As the power industry explores the potential of generative AI and associated new solutions, it’s also addressing concerns such as data bias, sovereignty, privacy, safety, and governance.102 Regulators globally have stepped in to establish rules for AI, with the Biden administration recently signing an executive order mandating safety assessments and equity guidance for AI.103 In addition, G7 leaders have outlined international principles and a voluntary code of conduct for AI developers to promote global guardrails for advanced AI systems,104 reflecting a collective effort to help tackle these challenges.
With these five trends to watch in 2024, there will likely be many opportunities and challenges for the electric power industry—from reaping the benefits of accelerating electricity demand and landmark clean energy legislation, to preparing to serve significant new load with an increasingly complex grid replete with valuable new resources, if tapped effectively. Yet, these come against a backdrop of unprecedented and unpredictable weather and climate change that could alter the natural resource mix across regions and over time. And the financial resources to meet these challenges are finite.
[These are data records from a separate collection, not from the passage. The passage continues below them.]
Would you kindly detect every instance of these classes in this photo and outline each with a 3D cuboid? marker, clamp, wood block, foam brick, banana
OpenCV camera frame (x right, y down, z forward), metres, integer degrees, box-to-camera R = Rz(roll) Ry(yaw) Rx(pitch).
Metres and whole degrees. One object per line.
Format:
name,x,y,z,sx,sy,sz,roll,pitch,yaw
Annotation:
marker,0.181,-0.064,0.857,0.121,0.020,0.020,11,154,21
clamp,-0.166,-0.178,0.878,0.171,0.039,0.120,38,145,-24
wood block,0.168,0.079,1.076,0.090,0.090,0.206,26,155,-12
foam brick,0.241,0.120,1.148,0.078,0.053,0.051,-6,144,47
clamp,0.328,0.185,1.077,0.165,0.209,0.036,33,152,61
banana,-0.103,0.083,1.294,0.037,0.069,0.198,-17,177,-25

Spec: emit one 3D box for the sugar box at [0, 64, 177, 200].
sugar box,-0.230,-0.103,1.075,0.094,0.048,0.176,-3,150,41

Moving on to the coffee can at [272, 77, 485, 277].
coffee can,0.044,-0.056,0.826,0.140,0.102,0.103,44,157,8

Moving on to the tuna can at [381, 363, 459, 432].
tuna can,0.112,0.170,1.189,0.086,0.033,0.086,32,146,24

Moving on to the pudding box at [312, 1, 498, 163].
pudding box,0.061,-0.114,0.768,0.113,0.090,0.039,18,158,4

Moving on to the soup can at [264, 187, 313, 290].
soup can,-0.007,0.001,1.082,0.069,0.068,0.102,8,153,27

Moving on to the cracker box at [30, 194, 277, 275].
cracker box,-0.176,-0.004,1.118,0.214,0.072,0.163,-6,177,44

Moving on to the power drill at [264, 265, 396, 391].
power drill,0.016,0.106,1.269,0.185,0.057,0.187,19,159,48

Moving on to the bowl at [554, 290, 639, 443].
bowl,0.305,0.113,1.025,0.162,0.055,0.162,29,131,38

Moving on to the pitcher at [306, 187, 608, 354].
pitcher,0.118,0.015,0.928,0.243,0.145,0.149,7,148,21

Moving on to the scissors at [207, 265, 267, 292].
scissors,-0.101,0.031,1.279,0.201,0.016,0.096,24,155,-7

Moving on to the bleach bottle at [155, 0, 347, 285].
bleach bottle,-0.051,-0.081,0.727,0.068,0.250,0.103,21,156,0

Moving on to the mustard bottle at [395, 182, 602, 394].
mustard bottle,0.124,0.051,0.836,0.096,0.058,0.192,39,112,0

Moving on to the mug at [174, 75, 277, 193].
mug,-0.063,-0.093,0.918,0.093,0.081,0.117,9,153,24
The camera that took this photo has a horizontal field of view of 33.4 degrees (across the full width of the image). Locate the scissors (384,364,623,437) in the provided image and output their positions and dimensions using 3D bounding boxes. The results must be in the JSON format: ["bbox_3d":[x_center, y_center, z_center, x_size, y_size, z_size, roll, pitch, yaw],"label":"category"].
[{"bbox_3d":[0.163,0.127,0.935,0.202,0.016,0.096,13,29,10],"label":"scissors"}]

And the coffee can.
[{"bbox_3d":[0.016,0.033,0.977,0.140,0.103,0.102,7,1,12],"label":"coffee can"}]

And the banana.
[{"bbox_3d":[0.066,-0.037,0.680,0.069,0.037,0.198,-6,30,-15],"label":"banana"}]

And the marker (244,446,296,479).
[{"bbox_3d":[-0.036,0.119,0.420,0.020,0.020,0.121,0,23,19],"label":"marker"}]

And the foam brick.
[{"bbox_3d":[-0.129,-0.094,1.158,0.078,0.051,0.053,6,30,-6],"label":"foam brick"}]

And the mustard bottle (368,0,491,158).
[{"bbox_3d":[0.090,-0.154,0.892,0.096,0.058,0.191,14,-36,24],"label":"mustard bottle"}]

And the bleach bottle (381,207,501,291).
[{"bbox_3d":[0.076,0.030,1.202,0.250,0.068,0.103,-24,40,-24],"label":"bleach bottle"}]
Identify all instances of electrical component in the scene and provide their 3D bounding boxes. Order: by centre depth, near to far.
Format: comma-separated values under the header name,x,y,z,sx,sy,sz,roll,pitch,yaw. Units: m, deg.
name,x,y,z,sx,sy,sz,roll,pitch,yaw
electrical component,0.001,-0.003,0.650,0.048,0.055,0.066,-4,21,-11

Nonetheless, threaded throughout is the potential promise of new ways to address these challenges, enabled by emerging technologies, market innovations, and policies. One avenue that could be among the most promising is generative AI. It could eventually enable the kind of real-time, holistic system planning that could add critical visibility and valuation capabilities across the grid as variable renewables and DERs proliferate and electricity demand potentially escalates. In markets, rising DER, aggregated DER, and VPP participation may be one of the biggest developments to watch. Residential and commercial solar, battery storage, EV and EV-charger owners could increasingly combine their resources into DER aggregations and VPPs, potentially serving up another slice of capital for grid expansion, modernization, and decarbonization.
In the policy arena, the IRA and the IIJA will likely continue to motivate massive investment, some of which will likely be game-changing for the industry. Other policy developments to watch could include FERC 2222, as wholesale markets prepare for aggregated DER participation; expanded state Renewable Portfolio and Clean Energy Standards; new building codes; and continued state adoption of Advanced Clean Car and Clean Truck standards. Together, these types of policies, technologies, and market innovations could accelerate electric power industry progress in meeting its mandate to provide reliable, affordable, and clean electricity.